When, shortly after the occupation of Zuccotti Park (Sep. 17, 2011), I started organizing disabled people to join in the new Occupy Wall Street movement, which seemed to be growing at the speed of light, I was criticized by leaders in the disability rights movement, including my good friend Bob Kafka, a national leader of ADAPT.
ADAPT is a grassroots organization of people with disabilities. Founded in 1983, ADAPT fought first for access to public transportation. At the time ADAPT stood for "American Disabled for Accessible Public Transit." After passage of the Americans with Disabilities Act, the focus shifted to freeing disabled people from institutions and making it possible for those with even the most significant disabilities to live in their own homes in the community, with all the necessary services and supports. ADAPT, then, came to stand for "American Disabled for Attendant Programs Today." Currently, ADAPT simply stands for ADAPT, it's no longer an acronym.
The services and supports for which ADAPT has been fighting are or would be funded by Medicaid, the health care program for the poor. Since, outside of self-pay or costly private insurance, only Medicaid covers long term care, disabled people are often forced into poverty and forced to stay poor. Thus, ADAPT is fighting not for the Larry Flints and Christopher Reeves, but for the neediest and the poorest.
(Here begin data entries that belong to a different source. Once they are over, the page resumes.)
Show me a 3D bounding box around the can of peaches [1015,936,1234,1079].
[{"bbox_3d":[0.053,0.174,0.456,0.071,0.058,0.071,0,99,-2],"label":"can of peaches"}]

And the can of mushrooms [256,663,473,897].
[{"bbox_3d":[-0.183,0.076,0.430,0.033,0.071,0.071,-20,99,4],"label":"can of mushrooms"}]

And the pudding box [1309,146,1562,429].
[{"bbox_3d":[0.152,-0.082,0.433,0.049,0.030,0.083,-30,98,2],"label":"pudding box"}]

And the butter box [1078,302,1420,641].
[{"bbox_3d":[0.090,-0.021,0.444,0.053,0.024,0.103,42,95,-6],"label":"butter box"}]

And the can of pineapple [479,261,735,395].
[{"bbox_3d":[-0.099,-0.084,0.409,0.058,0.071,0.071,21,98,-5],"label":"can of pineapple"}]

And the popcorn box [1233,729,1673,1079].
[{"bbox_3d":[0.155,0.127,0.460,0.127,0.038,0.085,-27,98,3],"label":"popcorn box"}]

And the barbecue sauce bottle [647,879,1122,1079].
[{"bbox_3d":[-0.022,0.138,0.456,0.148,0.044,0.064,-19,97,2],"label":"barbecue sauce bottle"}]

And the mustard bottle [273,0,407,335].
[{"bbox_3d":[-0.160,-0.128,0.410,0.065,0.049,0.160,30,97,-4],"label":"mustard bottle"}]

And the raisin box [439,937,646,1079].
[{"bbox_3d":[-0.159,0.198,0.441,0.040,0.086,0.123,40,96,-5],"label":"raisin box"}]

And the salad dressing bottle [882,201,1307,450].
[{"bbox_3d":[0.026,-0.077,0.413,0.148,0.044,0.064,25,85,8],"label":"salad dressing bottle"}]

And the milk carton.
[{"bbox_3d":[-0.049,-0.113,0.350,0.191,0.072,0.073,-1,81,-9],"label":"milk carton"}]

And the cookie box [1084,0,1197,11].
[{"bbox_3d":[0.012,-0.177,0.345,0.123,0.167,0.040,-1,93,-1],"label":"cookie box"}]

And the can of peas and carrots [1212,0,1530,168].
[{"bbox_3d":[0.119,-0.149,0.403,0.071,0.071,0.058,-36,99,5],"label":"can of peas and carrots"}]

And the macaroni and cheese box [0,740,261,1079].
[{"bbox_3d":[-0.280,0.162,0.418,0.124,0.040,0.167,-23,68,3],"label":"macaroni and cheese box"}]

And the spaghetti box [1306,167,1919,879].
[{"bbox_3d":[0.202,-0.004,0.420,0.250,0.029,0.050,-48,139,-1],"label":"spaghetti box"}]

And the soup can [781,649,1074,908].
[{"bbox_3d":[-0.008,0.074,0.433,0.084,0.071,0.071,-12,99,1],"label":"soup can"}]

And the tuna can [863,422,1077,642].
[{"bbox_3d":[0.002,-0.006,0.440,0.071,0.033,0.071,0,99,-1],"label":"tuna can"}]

ADAPT makes very effective use of civil disobedience. At national actions, 100 to 200 people, most if not all disabled, get arrested. Getting arrested is proof of our commitment and is an empowering act for those who have been powerless. ADAPT activists are very proud when they get arrested, though it's always an ordeal, especially for those with significant disabilities. I've been arrested with ADAPT more times than I can remember.
Since ADAPT is known as the radical arm of the disability rights movement, I didn't expect an ADAPT leader to disapprove of our involvement in Occupy. Yet, Bob Kafka wrote: "At a time when our people across the country are being threatened with cuts to basic services, States are slashing Medicaid budgets, workers with disabilities are being targeted [and laid off], sheltered employment pays sub-minimum wages, we need to use our scarce organizing energies and resources carefully, and not be dazzled by a movement that hardly recognizes our issues." And he added: "Personally I'm tired of educating 'progressives' on our issues 38 years after 504 [the Section of the 1973 Rehabilitation Act prohibiting discrimination on the basis of disability in all programs receiving federal funding] and 21 years after the ADA [Americans with Disabilities Act]."
Bob's message exemplifies a widely held attitude in the disability rights movement, that of seeing our issues as ours and ours alone.
All of us who fight for social justice know very well that it's always the poorest and the neediest who pay for the sins of the rich. In times of plenty, poor people are thrown some crumbs. And those crumbs often are enough to pacify us and render us passive. In times of economic crisis, of course, poor people are the ones who are made to bear the heaviest burden.
Because we have always had the highest unemployment rates, even in times of economic boom, and because so many of our people have always depended on social programs, there is no question that the disability community was hit as hard as could be during the latest economic crisis. A crisis that was caused by Wall Street, by the big banks, by our government's commitment to the "free market," and the idea that an unregulated market is the best way to increase economic growth, that no matter how much social damage it may cause, it will ultimately benefit everyone. That commitment was unshaken by the economic crisis. In fact, what was the remedy? The big banks that caused the crisis got bailed out. "Banks got bailed out, we got sold out."
Though the disability community was hit very hard, others suffered as well. Nondisabled people were also hurt by those Medicaid budget cuts, as well as by unemployment, by cuts to public school budgets, to senior programs, to homeless assistance, to all social programs.
Why was Bob Kafka telling me to focus on "our" issues? Why was he accusing me of spreading myself thin, when all I was doing was joining forces in order to be stronger? Of course, I didn't follow Bob's advice and went on to start the Disability Caucus of Occupy Wall Street. On the West Coast, in Chicago, and in other cities disabled people were also organizing and joining the Occupy movement.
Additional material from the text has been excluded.